As one would expect from the next Sicario movie, the performances across the board are once again top notch. While actors like Jeffrey Donovan (reprising his role from the first movie), Matthew Modine, and Catherine Keener add gravitas and depth to their supporting roles with subtle nuances in their physicality, and grounded, authentic delivery of dialogue, it’s the principal trio who will take the most credit for truly knocking it out of the park. Anyone underwhelmed by Isabela Moner in Transformers: The Last Knight (which I haven’t seen, yet) will be pleased as punch to see her impress with a performance that elevates what could have been another in a long line of shallow kidnapping victim performances. Josh Brolin still so effortlessly manages to tow the thin line of playing someone with an intimidating record and a hefty amount of authority, who can be coldly serious, calculated, and unflinchingly, efficiently brutal if need be, while also projecting a relaxed “Chill out bro, let’s go catch some waves,” kind of attitude that allows Matt Graver apt exist within the Sicario world as a multi-dimensional character, and not merely a one-sided archetype.

I hold particular fondness for the way in which Taylor Sheridan writes Alejandro, and the subtle way Del Toro has portrayed him across both films, and has stolen every scene he’s been in. He cuts through any given scene (and both movies in their entirety) like a hot knife through butter, a true scene stealer but in a quiet and controlled manner.

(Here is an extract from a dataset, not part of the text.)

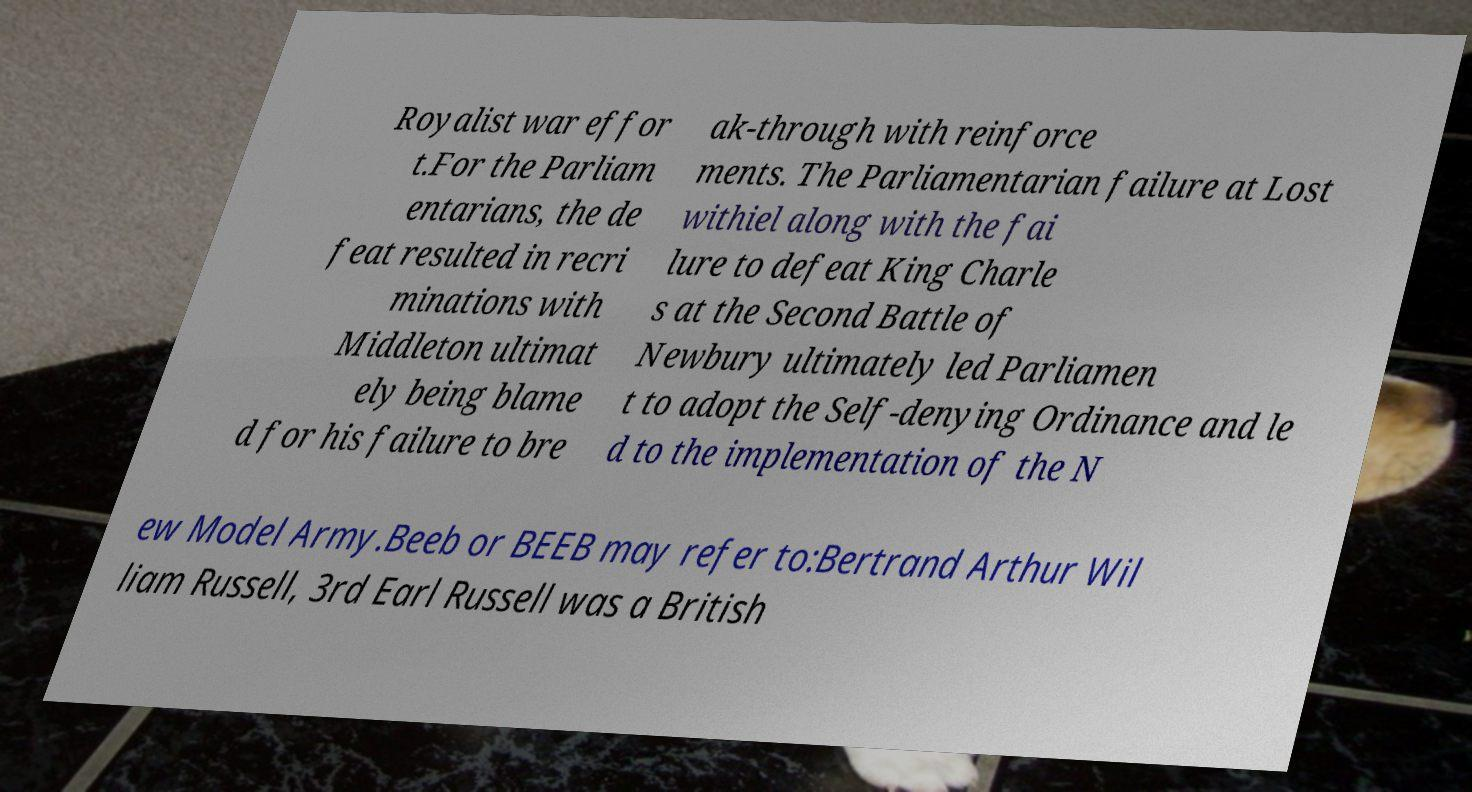Who is Bertrand Russell and why is he mentioned in the context of 'Beeb'? Bertrand Arthur William Russell, 3rd Earl Russell, was a renowned British philosopher, logician, and social critic, best known for his work in mathematical logic and moral philosophy. It appears that the text might be alluding to a nickname or acronym 'Beeb', possibly in some context unrelated directly to his scholarly work, maybe as a playful shorthand or in a distinctly different context, like broadcasting, where 'Beeb' is sometimes colloquially used to refer to the BBC. 
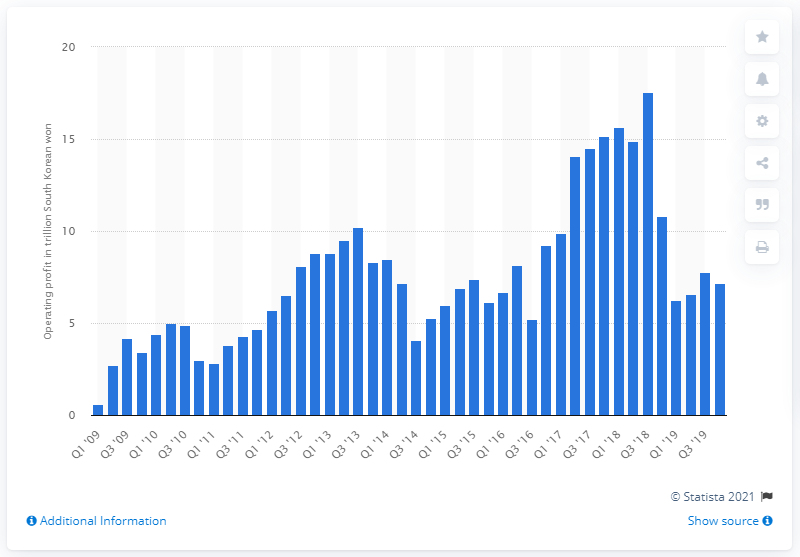Highlight a few significant elements in this photo. Samsung Electronics reported an operating profit of 7.16 trillion Korean won in the fourth quarter of 2019.

One might be inclined to incorrectly categorize the performances as minimalist, with so few lines because he convinced both Villeneuve and Sollima to allow him to remove lines so he may play in silence more often, adding to the allure and mystery of the Sicario while his powerful performance, quite often nothing more than the look in his eyes and/or the expression upon his face, helps us see the living layers within the man. The softness we first saw from him in Sicario, that showed care in how Kate was feeling after the attack on her, comes through all the more in tender scenes between him and Isabela, and during a delightful scene with a deaf man.

Make no mistake, the cold ferocity is still boiling like molten lava within him, it’s just that we are privileged to see more of the man who used to wear that skin long before the land of wolves tuned him into one.